> Your assignment
Every line of the records that contains "each" should be tallied, and only the resulting number returned.

> Provided data
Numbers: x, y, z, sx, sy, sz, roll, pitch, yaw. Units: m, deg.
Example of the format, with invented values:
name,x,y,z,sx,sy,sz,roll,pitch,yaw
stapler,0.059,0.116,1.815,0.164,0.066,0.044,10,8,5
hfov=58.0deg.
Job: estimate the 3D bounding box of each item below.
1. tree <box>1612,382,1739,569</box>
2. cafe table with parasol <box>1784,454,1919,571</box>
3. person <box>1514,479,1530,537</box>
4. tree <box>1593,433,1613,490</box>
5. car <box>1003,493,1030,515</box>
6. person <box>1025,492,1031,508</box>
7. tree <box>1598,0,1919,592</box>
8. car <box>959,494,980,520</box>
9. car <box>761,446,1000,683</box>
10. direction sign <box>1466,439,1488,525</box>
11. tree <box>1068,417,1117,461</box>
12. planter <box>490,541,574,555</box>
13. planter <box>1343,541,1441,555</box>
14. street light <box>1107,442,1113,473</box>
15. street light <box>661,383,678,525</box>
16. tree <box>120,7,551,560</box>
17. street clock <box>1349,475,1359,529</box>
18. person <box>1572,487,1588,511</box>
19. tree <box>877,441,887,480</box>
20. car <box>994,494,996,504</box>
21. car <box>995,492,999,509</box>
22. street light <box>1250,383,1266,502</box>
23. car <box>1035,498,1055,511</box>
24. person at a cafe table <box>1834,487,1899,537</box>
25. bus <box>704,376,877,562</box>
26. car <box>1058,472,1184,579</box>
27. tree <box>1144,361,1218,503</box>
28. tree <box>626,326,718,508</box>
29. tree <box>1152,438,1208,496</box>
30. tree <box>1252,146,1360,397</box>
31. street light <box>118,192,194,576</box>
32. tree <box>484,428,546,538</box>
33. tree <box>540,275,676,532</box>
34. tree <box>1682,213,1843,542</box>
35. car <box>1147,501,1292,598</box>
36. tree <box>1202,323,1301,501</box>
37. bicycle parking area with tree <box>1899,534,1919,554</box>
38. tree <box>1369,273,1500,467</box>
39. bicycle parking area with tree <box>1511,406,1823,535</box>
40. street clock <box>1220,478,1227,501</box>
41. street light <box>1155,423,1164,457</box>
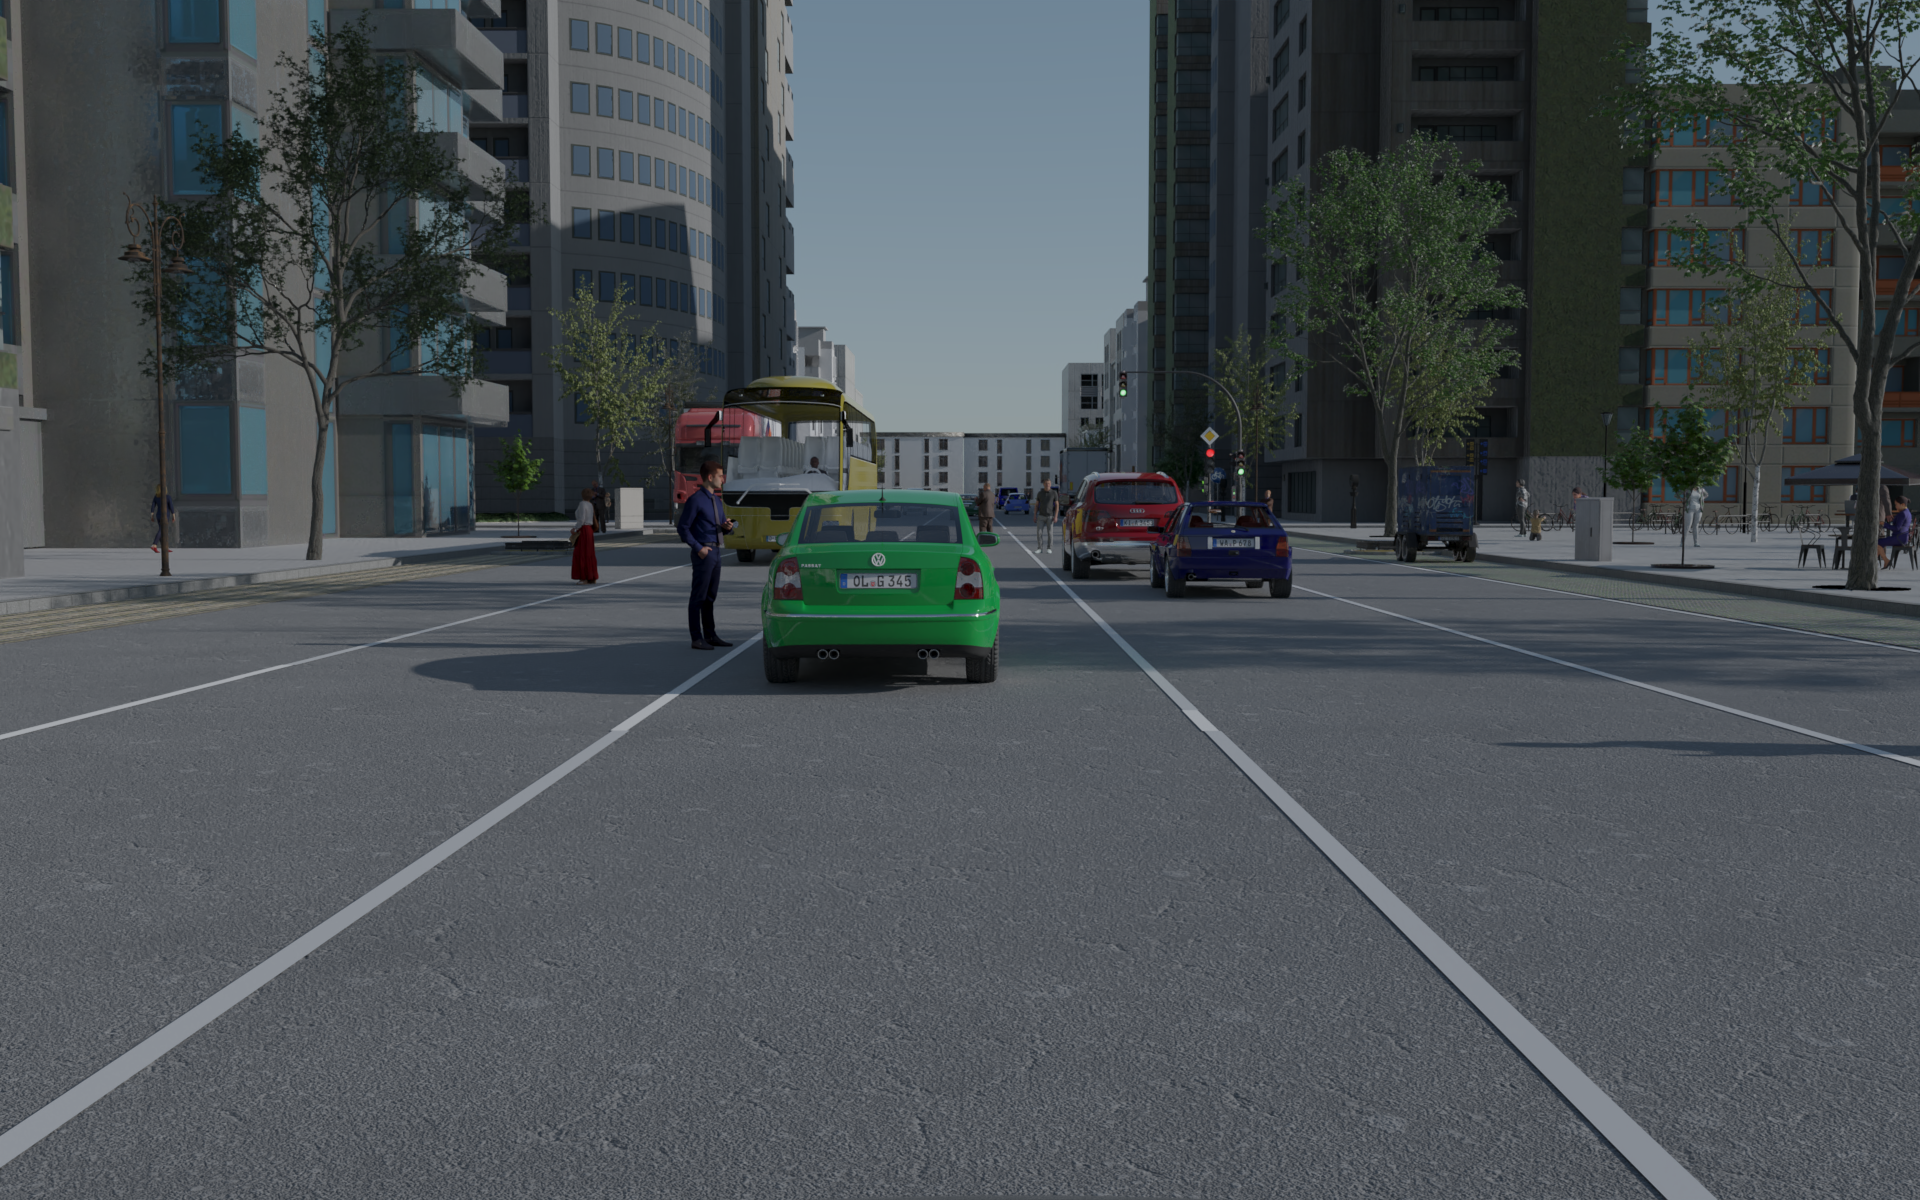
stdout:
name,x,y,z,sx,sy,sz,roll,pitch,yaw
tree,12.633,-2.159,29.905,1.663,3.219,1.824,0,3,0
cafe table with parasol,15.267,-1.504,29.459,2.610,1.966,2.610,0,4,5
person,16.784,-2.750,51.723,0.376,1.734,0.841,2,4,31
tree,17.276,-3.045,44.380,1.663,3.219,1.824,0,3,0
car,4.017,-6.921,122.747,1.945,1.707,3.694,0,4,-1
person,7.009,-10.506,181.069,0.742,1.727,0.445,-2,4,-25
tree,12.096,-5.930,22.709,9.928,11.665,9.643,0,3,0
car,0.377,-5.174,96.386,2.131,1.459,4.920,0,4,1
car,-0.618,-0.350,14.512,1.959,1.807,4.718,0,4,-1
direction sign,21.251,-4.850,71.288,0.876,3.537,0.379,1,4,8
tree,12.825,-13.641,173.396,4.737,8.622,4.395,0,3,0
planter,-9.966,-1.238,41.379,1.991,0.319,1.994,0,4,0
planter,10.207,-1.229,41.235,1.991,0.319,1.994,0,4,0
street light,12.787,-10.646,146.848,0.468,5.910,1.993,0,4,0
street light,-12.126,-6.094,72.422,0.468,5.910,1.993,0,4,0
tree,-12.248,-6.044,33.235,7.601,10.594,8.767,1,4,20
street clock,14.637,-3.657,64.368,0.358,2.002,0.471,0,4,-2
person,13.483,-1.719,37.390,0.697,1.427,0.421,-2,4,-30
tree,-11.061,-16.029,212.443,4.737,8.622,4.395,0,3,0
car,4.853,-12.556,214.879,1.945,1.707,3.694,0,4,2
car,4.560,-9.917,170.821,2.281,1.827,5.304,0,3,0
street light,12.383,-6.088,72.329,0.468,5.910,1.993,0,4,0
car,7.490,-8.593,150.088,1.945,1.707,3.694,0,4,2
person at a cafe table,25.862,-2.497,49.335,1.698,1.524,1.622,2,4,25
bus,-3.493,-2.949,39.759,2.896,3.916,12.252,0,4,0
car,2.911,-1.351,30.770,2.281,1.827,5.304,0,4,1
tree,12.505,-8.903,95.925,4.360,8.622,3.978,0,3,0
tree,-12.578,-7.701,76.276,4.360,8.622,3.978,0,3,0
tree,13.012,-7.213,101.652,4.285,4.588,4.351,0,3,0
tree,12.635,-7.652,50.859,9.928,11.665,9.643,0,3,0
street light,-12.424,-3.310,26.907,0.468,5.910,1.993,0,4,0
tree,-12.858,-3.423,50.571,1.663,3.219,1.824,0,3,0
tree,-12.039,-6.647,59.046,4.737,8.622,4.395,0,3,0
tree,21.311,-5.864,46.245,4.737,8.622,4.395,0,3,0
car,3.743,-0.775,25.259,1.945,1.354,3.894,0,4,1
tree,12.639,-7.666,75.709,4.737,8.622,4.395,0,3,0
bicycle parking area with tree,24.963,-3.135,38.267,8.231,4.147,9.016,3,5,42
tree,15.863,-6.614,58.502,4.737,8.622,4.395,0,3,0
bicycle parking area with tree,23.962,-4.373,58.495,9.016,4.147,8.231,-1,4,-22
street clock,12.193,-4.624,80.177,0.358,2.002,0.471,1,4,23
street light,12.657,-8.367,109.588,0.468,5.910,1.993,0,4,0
--
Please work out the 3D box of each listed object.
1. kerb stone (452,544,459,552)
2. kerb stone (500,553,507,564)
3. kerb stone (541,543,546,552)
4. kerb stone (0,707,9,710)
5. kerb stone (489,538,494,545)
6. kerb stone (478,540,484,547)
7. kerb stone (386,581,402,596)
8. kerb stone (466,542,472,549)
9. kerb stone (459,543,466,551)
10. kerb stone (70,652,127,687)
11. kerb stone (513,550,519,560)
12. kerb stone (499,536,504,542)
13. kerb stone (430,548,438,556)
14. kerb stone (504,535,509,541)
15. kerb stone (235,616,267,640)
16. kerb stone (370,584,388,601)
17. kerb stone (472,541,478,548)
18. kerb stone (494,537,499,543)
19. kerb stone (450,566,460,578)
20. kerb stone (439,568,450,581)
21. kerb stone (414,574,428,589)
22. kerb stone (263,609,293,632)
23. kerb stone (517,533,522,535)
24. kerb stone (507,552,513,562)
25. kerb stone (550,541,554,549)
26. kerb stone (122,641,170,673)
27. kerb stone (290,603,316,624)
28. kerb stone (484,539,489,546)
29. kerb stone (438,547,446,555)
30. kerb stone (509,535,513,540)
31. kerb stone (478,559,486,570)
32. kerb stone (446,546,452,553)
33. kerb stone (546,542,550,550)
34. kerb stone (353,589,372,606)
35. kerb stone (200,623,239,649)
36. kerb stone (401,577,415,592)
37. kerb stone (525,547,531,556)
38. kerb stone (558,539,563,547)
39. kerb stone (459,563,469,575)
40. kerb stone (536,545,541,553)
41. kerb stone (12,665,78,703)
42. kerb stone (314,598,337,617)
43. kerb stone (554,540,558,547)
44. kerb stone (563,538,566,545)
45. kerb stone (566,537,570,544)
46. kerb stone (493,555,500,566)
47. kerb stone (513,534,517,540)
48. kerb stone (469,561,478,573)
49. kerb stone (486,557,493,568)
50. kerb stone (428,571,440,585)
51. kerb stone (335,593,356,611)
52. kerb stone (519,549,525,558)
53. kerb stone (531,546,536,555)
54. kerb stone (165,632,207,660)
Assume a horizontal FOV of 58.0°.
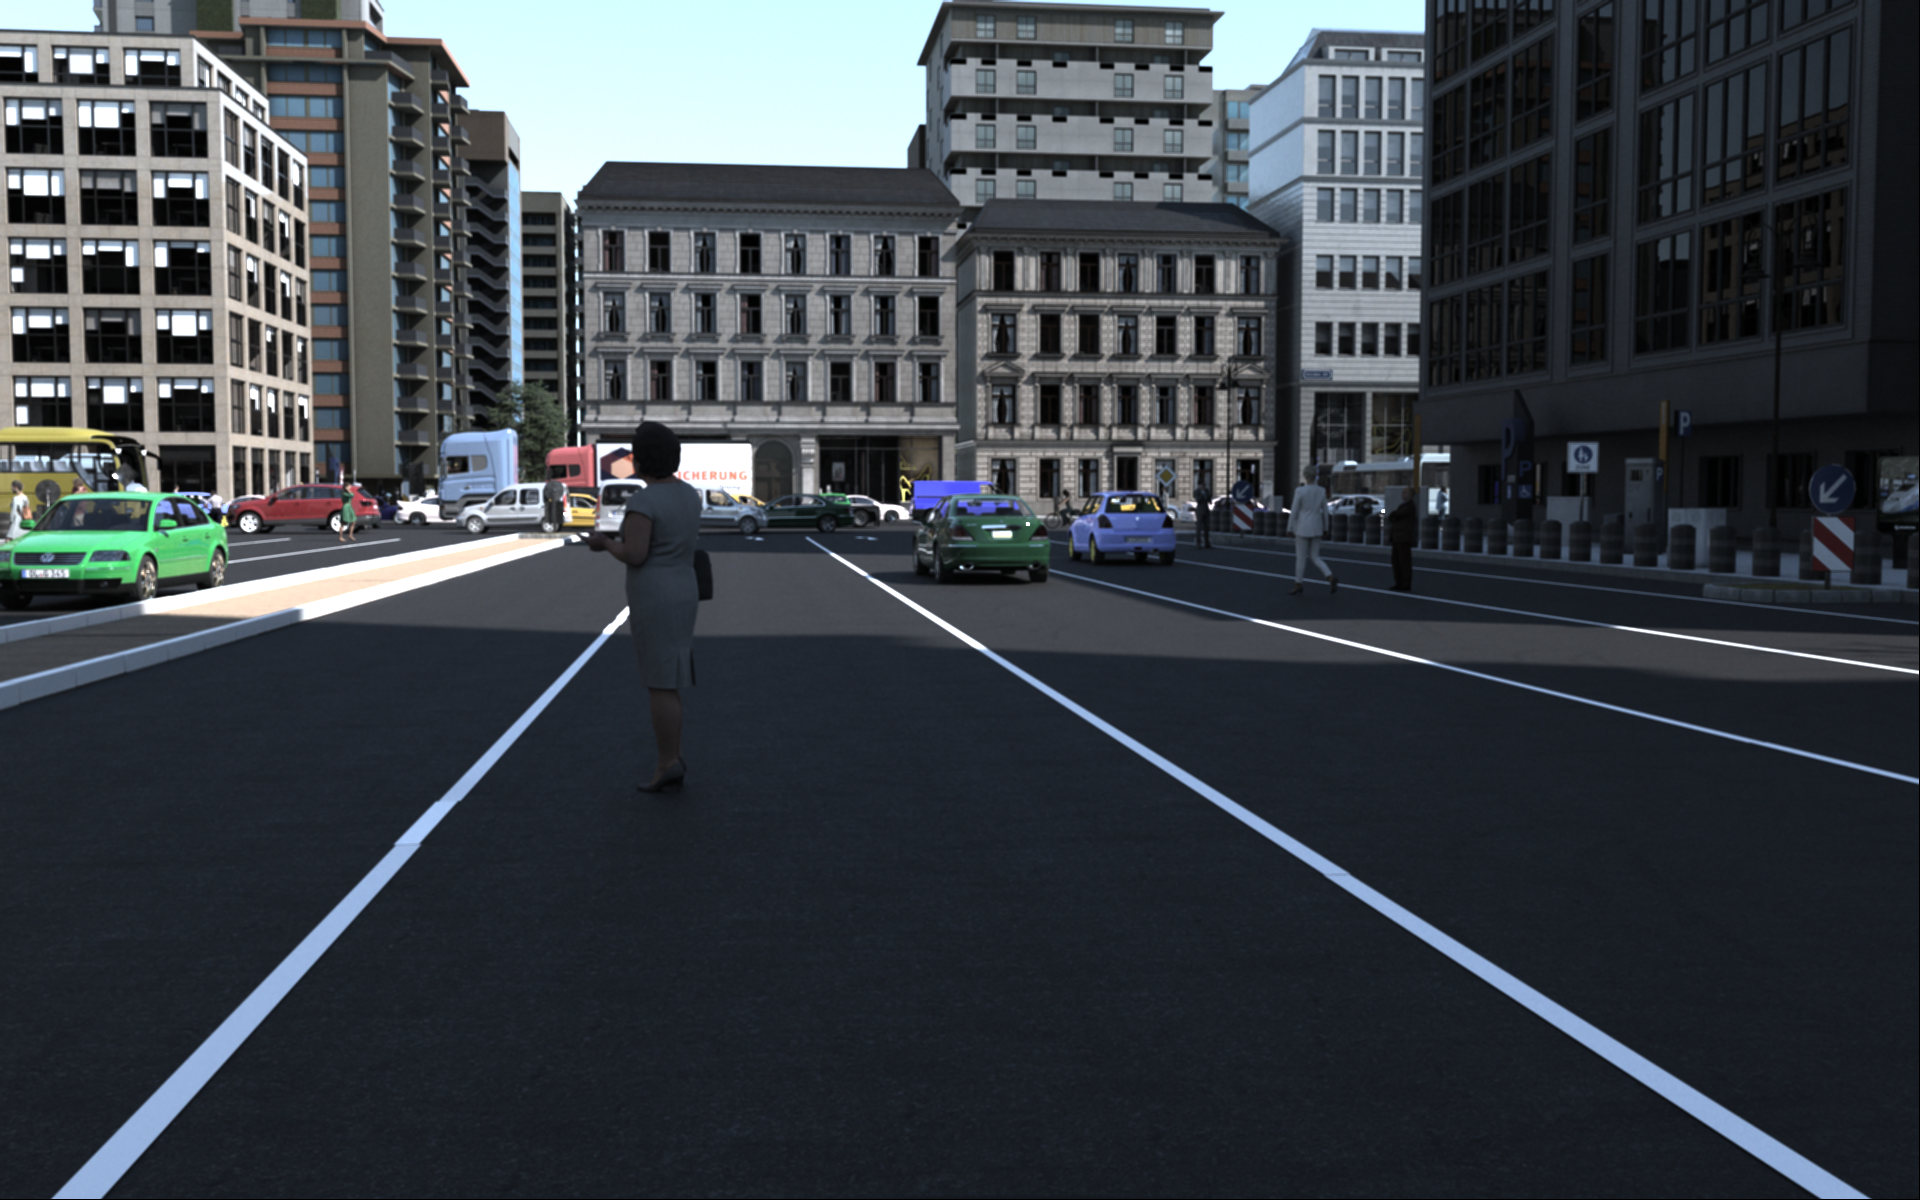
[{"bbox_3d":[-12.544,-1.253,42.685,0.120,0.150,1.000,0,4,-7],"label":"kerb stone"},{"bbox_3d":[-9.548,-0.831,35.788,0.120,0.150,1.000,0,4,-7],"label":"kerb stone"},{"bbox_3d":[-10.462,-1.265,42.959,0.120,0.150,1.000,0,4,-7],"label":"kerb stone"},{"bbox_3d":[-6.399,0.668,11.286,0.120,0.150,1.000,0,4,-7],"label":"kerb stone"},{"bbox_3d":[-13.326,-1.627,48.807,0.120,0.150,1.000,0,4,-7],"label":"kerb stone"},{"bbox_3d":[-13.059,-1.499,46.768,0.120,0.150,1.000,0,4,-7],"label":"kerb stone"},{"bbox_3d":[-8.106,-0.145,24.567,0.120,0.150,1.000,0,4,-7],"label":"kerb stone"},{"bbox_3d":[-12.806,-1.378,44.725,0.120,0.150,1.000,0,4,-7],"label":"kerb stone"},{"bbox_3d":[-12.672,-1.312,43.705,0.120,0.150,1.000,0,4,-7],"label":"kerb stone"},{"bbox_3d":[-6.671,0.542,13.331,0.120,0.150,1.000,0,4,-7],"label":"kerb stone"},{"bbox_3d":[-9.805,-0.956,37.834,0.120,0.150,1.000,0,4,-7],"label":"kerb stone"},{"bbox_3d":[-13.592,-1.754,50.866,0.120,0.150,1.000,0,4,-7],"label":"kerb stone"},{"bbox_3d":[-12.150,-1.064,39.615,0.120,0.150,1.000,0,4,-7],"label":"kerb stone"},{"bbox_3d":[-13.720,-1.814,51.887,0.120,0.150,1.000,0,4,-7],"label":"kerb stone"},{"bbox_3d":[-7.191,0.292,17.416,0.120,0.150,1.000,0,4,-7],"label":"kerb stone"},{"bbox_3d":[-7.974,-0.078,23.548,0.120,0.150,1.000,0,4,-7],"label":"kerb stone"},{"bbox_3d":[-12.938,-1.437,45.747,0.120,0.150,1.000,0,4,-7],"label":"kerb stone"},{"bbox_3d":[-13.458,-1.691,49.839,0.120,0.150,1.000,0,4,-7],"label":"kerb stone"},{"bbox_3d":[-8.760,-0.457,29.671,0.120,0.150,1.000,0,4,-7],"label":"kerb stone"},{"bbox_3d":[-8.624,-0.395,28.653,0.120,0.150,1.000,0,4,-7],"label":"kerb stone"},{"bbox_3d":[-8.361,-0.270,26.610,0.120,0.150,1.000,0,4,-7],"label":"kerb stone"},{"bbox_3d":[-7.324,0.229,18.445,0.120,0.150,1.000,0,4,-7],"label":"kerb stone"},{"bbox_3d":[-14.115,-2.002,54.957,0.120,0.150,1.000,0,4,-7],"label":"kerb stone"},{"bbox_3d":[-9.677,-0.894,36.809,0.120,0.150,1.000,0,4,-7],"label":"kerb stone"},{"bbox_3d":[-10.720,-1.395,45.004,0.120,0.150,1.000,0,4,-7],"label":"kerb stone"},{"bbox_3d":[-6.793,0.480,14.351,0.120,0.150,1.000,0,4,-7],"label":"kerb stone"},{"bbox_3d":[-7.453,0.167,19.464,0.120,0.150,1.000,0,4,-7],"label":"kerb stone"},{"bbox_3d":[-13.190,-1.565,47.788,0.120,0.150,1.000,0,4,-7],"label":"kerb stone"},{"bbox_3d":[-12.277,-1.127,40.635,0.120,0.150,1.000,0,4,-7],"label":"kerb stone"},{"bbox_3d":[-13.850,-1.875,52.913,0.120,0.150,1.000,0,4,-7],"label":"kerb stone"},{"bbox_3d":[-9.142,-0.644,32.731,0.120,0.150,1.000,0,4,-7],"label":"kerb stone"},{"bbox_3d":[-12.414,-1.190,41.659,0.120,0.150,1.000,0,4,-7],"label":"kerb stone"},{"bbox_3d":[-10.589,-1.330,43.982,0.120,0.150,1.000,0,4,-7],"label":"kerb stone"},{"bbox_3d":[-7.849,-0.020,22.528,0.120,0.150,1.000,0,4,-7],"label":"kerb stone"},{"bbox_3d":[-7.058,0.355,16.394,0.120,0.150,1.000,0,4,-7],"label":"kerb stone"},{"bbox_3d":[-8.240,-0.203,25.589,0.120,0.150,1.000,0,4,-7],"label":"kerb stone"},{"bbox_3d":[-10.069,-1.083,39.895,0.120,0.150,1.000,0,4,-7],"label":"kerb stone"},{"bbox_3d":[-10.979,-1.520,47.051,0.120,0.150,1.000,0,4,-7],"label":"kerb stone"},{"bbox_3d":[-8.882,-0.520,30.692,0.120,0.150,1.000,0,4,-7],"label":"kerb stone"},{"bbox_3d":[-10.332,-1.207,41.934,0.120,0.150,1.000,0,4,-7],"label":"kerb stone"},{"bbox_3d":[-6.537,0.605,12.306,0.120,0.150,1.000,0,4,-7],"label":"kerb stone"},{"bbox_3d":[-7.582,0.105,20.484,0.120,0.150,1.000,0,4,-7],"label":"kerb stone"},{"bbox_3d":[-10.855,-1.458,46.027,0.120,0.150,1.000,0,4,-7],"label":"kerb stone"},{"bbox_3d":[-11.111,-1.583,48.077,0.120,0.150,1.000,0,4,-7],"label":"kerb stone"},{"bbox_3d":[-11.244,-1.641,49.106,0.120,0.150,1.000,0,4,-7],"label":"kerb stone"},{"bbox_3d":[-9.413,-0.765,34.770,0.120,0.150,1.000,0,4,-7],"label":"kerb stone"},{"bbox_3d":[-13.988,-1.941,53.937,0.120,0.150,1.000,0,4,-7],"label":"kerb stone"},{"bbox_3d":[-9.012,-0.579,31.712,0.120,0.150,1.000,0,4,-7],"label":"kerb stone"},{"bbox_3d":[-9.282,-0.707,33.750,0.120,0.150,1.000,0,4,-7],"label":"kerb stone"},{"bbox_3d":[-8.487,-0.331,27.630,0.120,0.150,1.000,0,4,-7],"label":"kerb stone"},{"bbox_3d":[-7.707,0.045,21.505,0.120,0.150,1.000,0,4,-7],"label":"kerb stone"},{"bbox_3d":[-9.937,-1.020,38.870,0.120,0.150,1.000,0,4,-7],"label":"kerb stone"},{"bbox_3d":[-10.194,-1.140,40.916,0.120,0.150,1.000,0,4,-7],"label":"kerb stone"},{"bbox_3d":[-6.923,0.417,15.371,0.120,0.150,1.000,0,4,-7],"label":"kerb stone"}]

> Written response
2